“我最想要的东西?”方甜暂时也不动声色,跟对方周旋:“是什么?”
此时此刻的郝三,如同一只被人操控着的皮影,慢慢的抬起胳膊,以一个很诡异的姿势,把手探到自己背后。等他的手重新转回来的时候,我看到,他的手里捧着一幅画。
唰!!!
这幅画被郝三给抖开了,尽管五龙庙的光线很黯淡,可我还是一眼就看清楚了这幅画。
这幅画非常简单,就是一个长着胡子的人,背上背着另一个人,在蹒跚而行。
“背尸图!!!”方甜肯定不想情绪失控,然而,在她看到这幅画的时候,眼睛一下子睁大了,不由自主的朝前走了走:“这是背尸图!!!”
“你不想要么……”郝三的手一抖,背尸图就轻飘飘的甩了过来。
方甜一把接住背尸图,飞快的扫视了两眼。她转过脸,冲着我轻轻点了点头,那意思分明是在告诉我,这张背尸图是真的,并非伪造。
“谁给你的背尸图?”方甜飞快的把背尸图卷了起来,问道:“背尸图不是被人夺走了?”
“这张背尸图,我用了用……如今用完了,物归原主……”郝三耷拉着脑袋,一步一步的倒退,退到刚才被吊着的地方,手脚并用的爬上原本放置神像的台子:“你们……走吧……”
方甜可能还想再问什么,可我呆在这个地方,始终觉得心里不安。背尸图是真的,不管这幅画出现的多么离奇,多么诡异,但只要有这幅画,方甜就有机会重新回到天群山,跟自己嫡亲的哥哥一五一十把帐算清楚。
我不想再节外生枝,拉着方天就退出了五龙庙。一直退到庙门外面,我才回头看了看。
郝三依然站在台子上,似乎想要把自己重新吊在绳套里。我根本不知道他究竟是怎么回事,也察觉不出五龙庙附近是否有人,心里暂时没有别的念头,拉起方甜就走。
“咱们不要弄个明白吗?”方甜小心的把背尸图收好,说道:“背尸图回来的太离奇了。”
“怎么弄明白。”我摇了摇头:“人家把郝三弄出来,就是不想让咱们知道他的底细,咱们再去刨根问底,就不妥了,走吧,先走。”
我心里想着,不管怎么说,背尸图是到手了,方甜至少有机会去金玉堂跟她哥哥拼一拼,没有必要再去追究背尸图究竟是怎么回来的。
我带着方甜急速离开了五龙庙,一口气朝回走了三四里路。行走之间,我始终不断的观察着周围的动静,我觉得,没有人尾随我们。

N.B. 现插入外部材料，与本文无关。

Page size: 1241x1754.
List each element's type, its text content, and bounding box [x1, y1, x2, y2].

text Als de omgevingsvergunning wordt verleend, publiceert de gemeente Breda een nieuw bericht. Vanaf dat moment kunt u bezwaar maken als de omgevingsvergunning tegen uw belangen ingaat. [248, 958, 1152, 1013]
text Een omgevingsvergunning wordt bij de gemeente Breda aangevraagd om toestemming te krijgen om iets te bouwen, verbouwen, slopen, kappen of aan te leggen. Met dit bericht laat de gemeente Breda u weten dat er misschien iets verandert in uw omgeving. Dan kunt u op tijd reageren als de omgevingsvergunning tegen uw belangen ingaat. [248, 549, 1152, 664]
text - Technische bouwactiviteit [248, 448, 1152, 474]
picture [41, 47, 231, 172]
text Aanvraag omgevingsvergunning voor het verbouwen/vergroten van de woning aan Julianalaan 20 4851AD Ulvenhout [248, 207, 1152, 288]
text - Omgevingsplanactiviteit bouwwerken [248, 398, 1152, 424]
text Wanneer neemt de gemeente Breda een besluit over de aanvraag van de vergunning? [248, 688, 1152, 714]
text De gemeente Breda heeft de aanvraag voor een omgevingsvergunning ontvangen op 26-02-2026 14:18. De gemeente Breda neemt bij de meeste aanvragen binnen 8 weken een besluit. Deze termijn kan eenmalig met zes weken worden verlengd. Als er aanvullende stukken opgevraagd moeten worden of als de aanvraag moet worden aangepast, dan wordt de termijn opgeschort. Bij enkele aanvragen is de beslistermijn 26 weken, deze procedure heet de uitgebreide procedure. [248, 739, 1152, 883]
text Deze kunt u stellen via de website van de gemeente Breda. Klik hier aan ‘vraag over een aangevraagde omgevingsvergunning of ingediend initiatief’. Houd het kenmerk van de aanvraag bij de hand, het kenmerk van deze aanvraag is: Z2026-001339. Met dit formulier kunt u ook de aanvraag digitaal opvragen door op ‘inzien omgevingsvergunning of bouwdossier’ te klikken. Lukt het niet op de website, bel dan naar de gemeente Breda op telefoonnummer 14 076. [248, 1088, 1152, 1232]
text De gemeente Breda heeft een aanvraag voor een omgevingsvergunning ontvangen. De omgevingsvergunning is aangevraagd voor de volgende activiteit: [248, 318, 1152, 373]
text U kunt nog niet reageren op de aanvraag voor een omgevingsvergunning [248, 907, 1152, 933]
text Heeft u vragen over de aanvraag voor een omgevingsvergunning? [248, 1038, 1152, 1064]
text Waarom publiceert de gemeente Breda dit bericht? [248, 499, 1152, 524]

“我以为金玉堂的背尸图大有来历,谁知道,就是一幅那么简单的画。”
“背尸图是我们金玉堂的老祖爷亲手画的。”方甜说道:“老祖爷是苦出身,当年就是个背尸的苦力。”
我和方甜走了许久,开始的时候,我一直担心会不会有什么隐藏着的危机,可是走了这么长时间,依然风平浪静。今天这件事,我想不明白,可我知道,如果对方对我们不利,肯定早就动手了,用不着设下这个圈套。因此,又走了一段路,我就不再想了。
我们两个人按原路返回,用了几天时间,又回到了小村。我跟方甜商量着,如今有了背尸图,是不是可以回金玉堂了。

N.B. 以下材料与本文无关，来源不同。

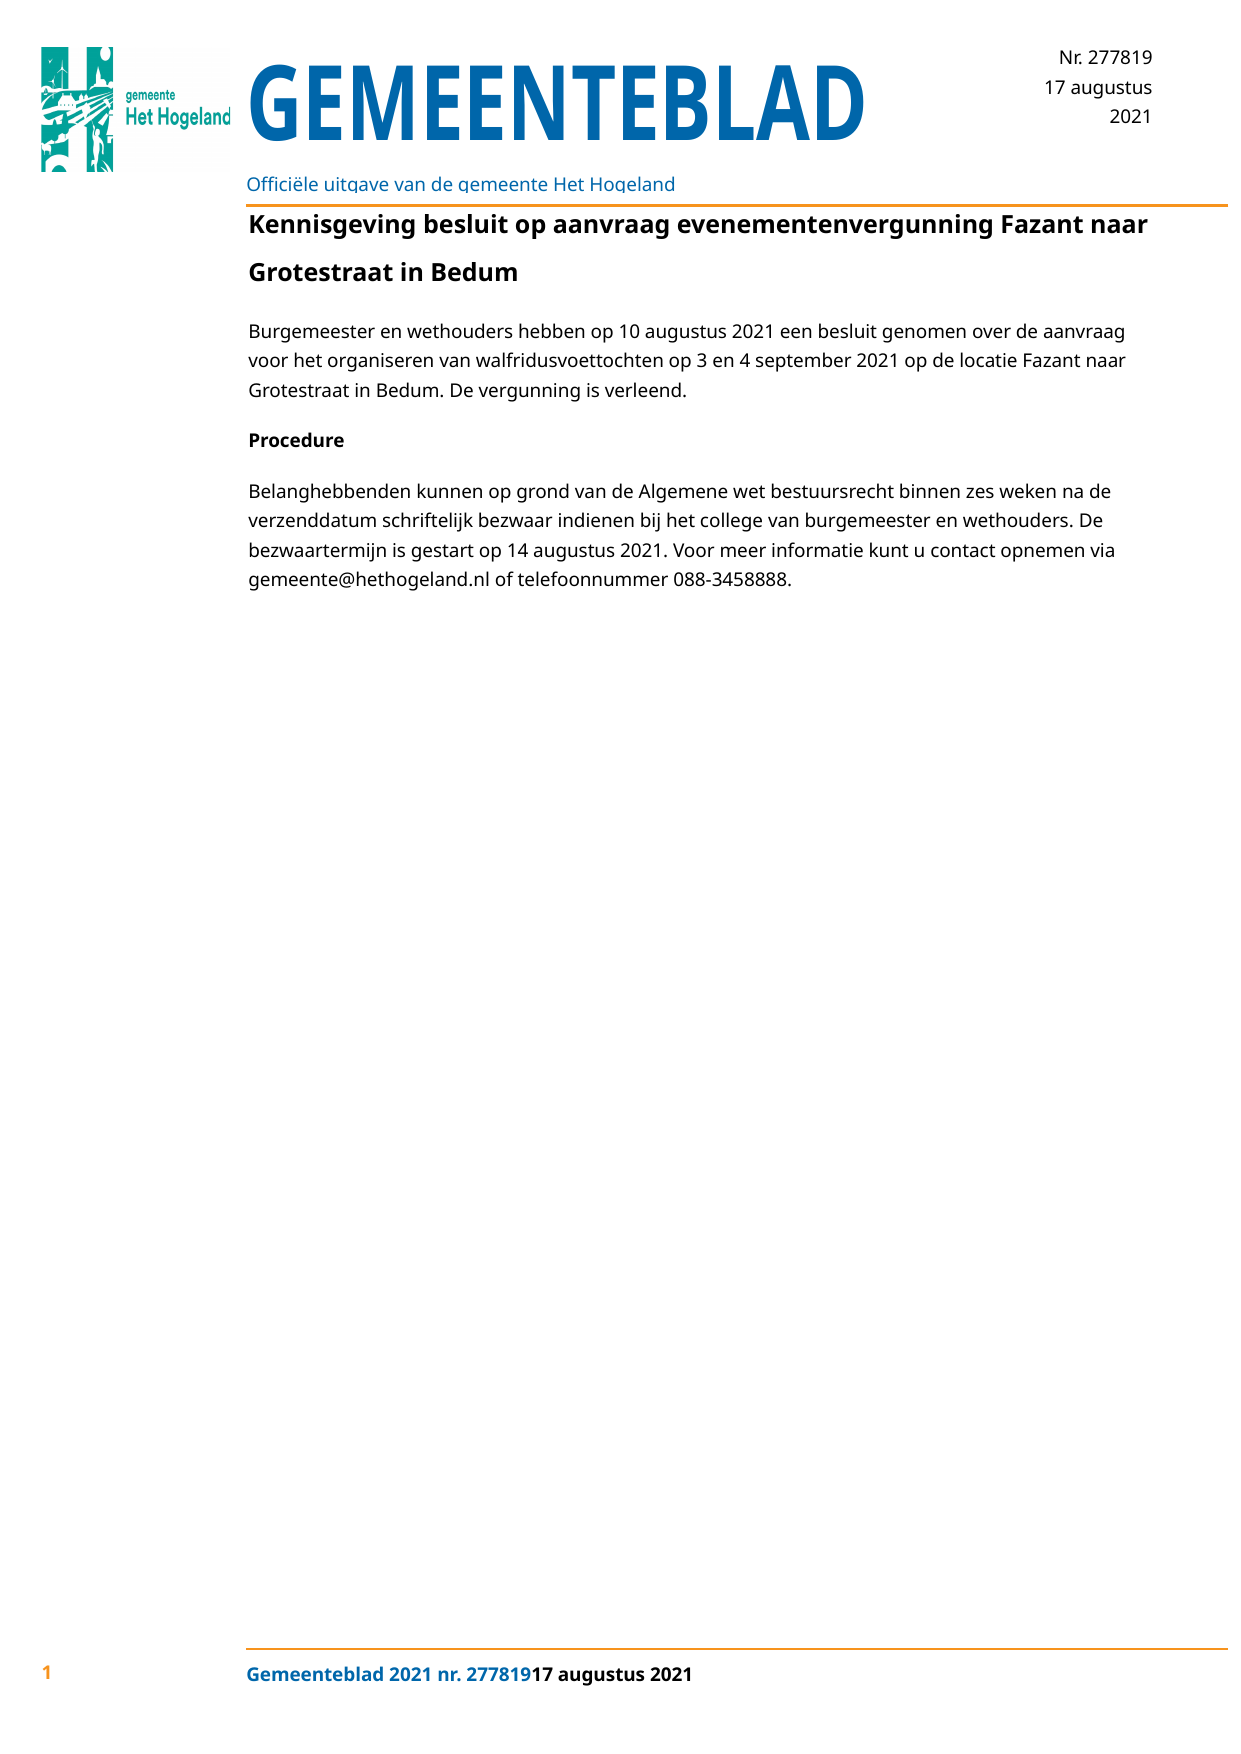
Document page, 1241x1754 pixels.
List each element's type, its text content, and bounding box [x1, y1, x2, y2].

text Burgemeester en wethouders hebben op 10 augustus 2021 een besluit genomen over de aanvraag voor het organiseren van walfridusvoettochten op 3 en 4 september 2021 op de locatie Fazant naar Grotestraat in Bedum. De vergunning is verleend. [248, 318, 1152, 403]
picture [41, 47, 231, 172]
text Belanghebbenden kunnen op grond van de Algemene wet bestuursrecht binnen zes weken na de verzenddatum schriftelijk bezwaar indienen bij het college van burgemeester en wethouders. De bezwaartermijn is gestart op 14 augustus 2021. Voor meer informatie kunt u contact opnemen via gemeente@hethogeland.nl of telefoonnummer 088-3458888. [248, 478, 1152, 592]
text Procedure [248, 427, 1152, 453]
text Kennisgeving besluit op aanvraag evenementenvergunning Fazant naar Grotestraat in Bedum [248, 207, 1152, 288]

方甜有一些把握,因为金玉堂以往淘金,全要靠背尸图来寻找积尸地。没有背尸图,就意味着不能淘金,如今的金玉堂,实际上等于在吃老本,等老本吃空了,金玉堂也就会慢慢垮掉。金玉堂里至少有一部分人能认清形势,会主张掌控背尸图的人做金玉堂的主人。
但凡事没有绝对,现在的金玉堂毕竟是方甜的哥哥方猛在主持,收买拉拢了很多人。方甜这样大大咧咧的回去,难保不会出现意外。我思来想去,觉得还是要保险一些。

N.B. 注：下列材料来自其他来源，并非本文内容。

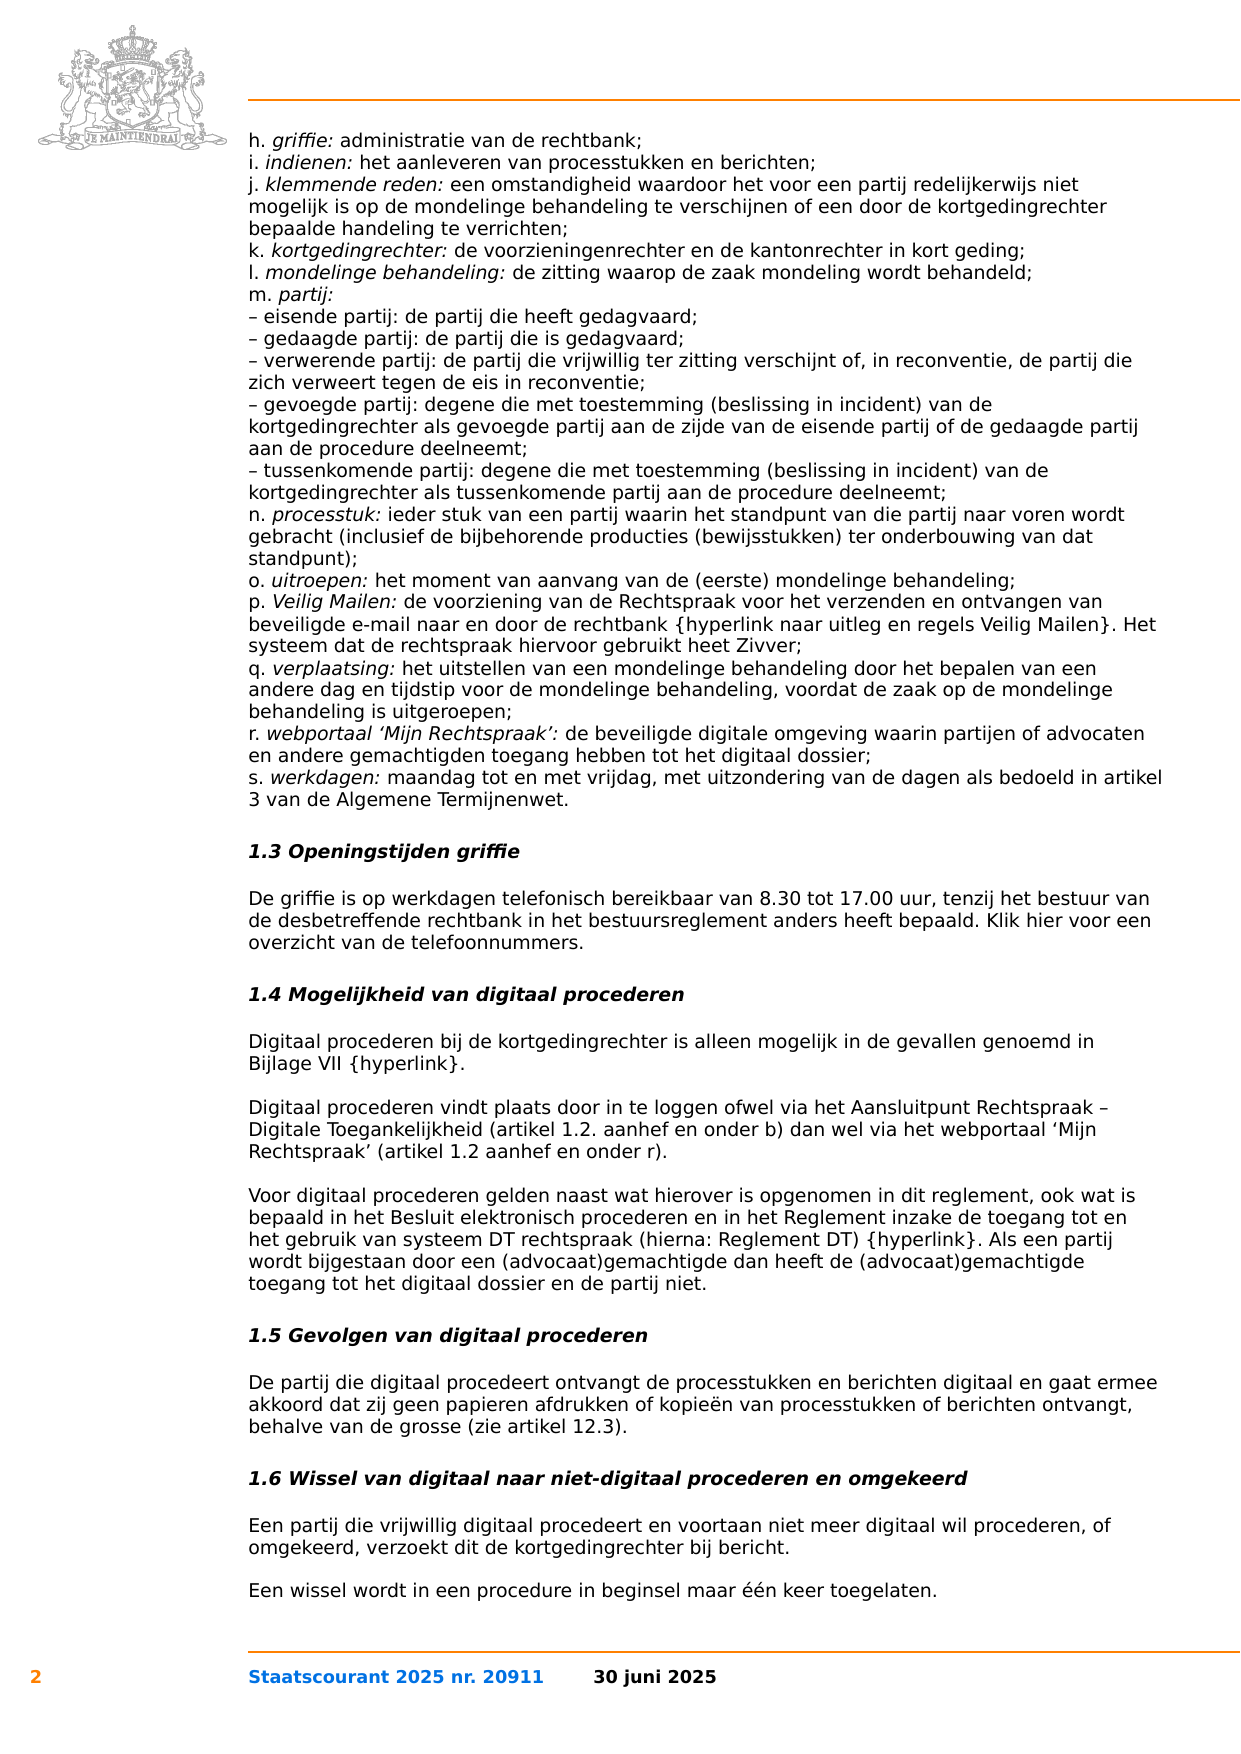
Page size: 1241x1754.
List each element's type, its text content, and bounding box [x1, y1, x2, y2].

text De griffie is op werkdagen telefonisch bereikbaar van 8.30 tot 17.00 uur, tenzij het bestuur van de desbetreffende rechtbank in het bestuursreglement anders heeft bepaald. Klik hier voor een overzicht van de telefoonnummers. [248, 888, 1163, 954]
text De partij die digitaal procedeert ontvangt de processtukken en berichten digitaal en gaat ermee akkoord dat zij geen papieren afdrukken of kopieën van processtukken of berichten ontvangt, behalve van de grosse (zie artikel 12.3). [248, 1372, 1163, 1438]
subtitle 1.4 Mogelijkheid van digitaal procederen [248, 984, 1163, 1006]
text – gevoegde partij: degene die met toestemming (beslissing in incident) van de kortgedingrechter als gevoegde partij aan de zijde van de eisende partij of de gedaagde partij aan de procedure deelneemt; [248, 394, 1163, 459]
subtitle 1.6 Wissel van digitaal naar niet-digitaal procederen en omgekeerd [248, 1468, 1163, 1489]
text Digitaal procederen vindt plaats door in te loggen ofwel via het Aansluitpunt Rechtspraak – Digitale Toegankelijkheid (artikel 1.2. aanhef en onder b) dan wel via het webportaal ‘Mijn Rechtspraak’ (artikel 1.2 aanhef en onder r). [248, 1097, 1163, 1163]
subtitle 1.5 Gevolgen van digitaal procederen [248, 1325, 1163, 1347]
text r. webportaal ‘Mijn Rechtspraak’: de beveiligde digitale omgeving waarin partijen of advocaten en andere gemachtigden toegang hebben tot het digitaal dossier; [248, 723, 1163, 767]
text l. mondelinge behandeling: de zitting waarop de zaak mondeling wordt behandeld; [248, 262, 1163, 284]
text – verwerende partij: de partij die vrijwillig ter zitting verschijnt of, in reconventie, de partij die zich verweert tegen de eis in reconventie; [248, 350, 1163, 394]
text Een wissel wordt in een procedure in beginsel maar één keer toegelaten. [248, 1580, 1163, 1602]
text Digitaal procederen bij de kortgedingrechter is alleen mogelijk in de gevallen genoemd in Bijlage VII {hyperlink}. [248, 1031, 1163, 1075]
text i. indienen: het aanleveren van processtukken en berichten; [248, 152, 1163, 174]
text – eisende partij: de partij die heeft gedagvaard; [248, 306, 1163, 328]
text o. uitroepen: het moment van aanvang van de (eerste) mondelinge behandeling; [248, 569, 1163, 591]
text q. verplaatsing: het uitstellen van een mondelinge behandeling door het bepalen van een andere dag en tijdstip voor de mondelinge behandeling, voordat de zaak op de mondelinge behandeling is uitgeroepen; [248, 657, 1163, 723]
text h. griffie: administratie van de rechtbank; [248, 130, 1163, 152]
text Een partij die vrijwillig digitaal procedeert en voortaan niet meer digitaal wil procederen, of omgekeerd, verzoekt dit de kortgedingrechter bij bericht. [248, 1514, 1163, 1558]
text k. kortgedingrechter: de voorzieningenrechter en de kantonrechter in kort geding; [248, 240, 1163, 262]
text Voor digitaal procederen gelden naast wat hierover is opgenomen in dit reglement, ook wat is bepaald in het Besluit elektronisch procederen en in het Reglement inzake de toegang tot en het gebruik van systeem DT rechtspraak (hierna: Reglement DT) {hyperlink}. Als een partij wordt bijgestaan door een (advocaat)gemachtigde dan heeft de (advocaat)gemachtigde toegang tot het digitaal dossier en de partij niet. [248, 1185, 1163, 1295]
text n. processtuk: ieder stuk van een partij waarin het standpunt van die partij naar voren wordt gebracht (inclusief de bijbehorende producties (bewijsstukken) ter onderbouwing van dat standpunt); [248, 503, 1163, 569]
text m. partij: [248, 284, 1163, 306]
text p. Veilig Mailen: de voorziening van de Rechtspraak voor het verzenden en ontvangen van beveiligde e-mail naar en door de rechtbank {hyperlink naar uitleg en regels Veilig Mailen}. Het systeem dat de rechtspraak hiervoor gebruikt heet Zivver; [248, 591, 1163, 657]
text – tussenkomende partij: degene die met toestemming (beslissing in incident) van de kortgedingrechter als tussenkomende partij aan de procedure deelneemt; [248, 459, 1163, 503]
text – gedaagde partij: de partij die is gedagvaard; [248, 328, 1163, 350]
subtitle 1.3 Openingstijden griffie [248, 841, 1163, 863]
picture [38, 25, 227, 150]
text s. werkdagen: maandag tot en met vrijdag, met uitzondering van de dagen als bedoeld in artikel 3 van de Algemene Termijnenwet. [248, 767, 1163, 811]
text j. klemmende reden: een omstandigheid waardoor het voor een partij redelijkerwijs niet mogelijk is op de mondelinge behandeling te verschijnen of een door de kortgedingrechter bepaalde handeling te verrichten; [248, 174, 1163, 240]

我打算到石河湾去,除了石河湾的人,我也想不出自己能搬来什么救兵。
我和方甜当天就收拾行李,养足了精神,第二天动身赶往石河湾。
沿途走的还比较顺利,离石河湾还有十多里的时候,就被人拦住了。因为穆九从不骚扰当地的百姓,而且时常接济穷人,所以附近的村民心里都信赖穆九,自愿给石河湾探查消息,通风报信。我和方甜被拦住之后,没多久,石河湾来了人,我直言不讳的说要找穆九,对方不敢怠慢,引我们去了石河湾。
穆九是个重情义的人,当初的一面之缘,他还记忆犹新,盛情款待。我瞅着机会,把自己的来意跟穆九说了。
我知道,穆九虽然重情,讲义气,但他毕竟是石河湾的头领,手下一帮人跟着他混饭吃,如果光让人家白帮忙,我心里也过意不去。我跟方甜商量过,等事情稳稳当当的办妥,方甜从金玉堂拿五十两金沙给穆九。
我把意思表明,穆九手下的人也觉得这件事可行,双方一拍即合。当天夜里,穆九亲自选了十多个人,这点人到了天群山,肯定斗不过金玉堂的人,我只求着事情万一有变,石河湾的人能保住我和方甜的命,这就足够了。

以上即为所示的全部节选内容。